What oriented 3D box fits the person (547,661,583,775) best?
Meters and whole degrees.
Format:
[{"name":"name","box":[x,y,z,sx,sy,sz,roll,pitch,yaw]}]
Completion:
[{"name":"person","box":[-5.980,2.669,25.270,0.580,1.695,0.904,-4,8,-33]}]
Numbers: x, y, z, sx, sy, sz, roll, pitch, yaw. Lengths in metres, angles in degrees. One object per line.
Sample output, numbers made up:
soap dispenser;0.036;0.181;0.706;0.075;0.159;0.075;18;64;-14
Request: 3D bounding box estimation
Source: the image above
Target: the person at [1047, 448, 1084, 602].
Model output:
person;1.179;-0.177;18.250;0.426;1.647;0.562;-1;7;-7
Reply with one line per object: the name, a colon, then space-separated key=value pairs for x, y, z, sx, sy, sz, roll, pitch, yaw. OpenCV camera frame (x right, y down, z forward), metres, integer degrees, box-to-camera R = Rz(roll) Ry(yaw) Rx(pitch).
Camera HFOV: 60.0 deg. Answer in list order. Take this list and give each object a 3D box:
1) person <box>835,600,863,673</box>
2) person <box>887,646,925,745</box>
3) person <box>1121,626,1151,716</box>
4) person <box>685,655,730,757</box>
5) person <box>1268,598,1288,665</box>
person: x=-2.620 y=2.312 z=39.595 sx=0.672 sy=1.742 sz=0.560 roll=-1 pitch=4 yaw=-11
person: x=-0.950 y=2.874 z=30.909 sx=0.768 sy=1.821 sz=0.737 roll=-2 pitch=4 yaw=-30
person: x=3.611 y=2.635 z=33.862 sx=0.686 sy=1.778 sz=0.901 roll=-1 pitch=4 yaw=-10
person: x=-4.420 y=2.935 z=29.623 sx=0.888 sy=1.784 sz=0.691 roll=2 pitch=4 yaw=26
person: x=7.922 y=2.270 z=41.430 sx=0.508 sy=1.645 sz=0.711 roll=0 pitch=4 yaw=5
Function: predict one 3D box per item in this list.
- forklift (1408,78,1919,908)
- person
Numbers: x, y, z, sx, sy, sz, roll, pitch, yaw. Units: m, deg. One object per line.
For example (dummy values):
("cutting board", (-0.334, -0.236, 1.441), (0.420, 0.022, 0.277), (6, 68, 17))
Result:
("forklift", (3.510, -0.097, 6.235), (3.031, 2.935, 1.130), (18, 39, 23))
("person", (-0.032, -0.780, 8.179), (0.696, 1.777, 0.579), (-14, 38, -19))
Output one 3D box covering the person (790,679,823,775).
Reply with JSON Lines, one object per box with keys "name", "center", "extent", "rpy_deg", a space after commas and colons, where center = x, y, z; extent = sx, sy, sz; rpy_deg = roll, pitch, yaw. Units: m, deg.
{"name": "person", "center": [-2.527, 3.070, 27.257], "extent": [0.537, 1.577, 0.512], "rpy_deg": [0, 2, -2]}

--------------------

**Task details**
Filter the material for the word "metres" and copy each matching line.

**Answer section**
Numbers: x, y, z, sx, sy, sz, roll, pitch, yaw. Lengths in metres, angles in degrees. One object per line.
Reply with one line per object: the name, a colon, then space-separated key=value pairs for x, y, z, sx, sy, sz, roll, pitch, yaw. OpenCV camera frame (x right, y down, z forward), metres, integer degrees, box-to-camera R = Rz(roll) Ry(yaw) Rx(pitch).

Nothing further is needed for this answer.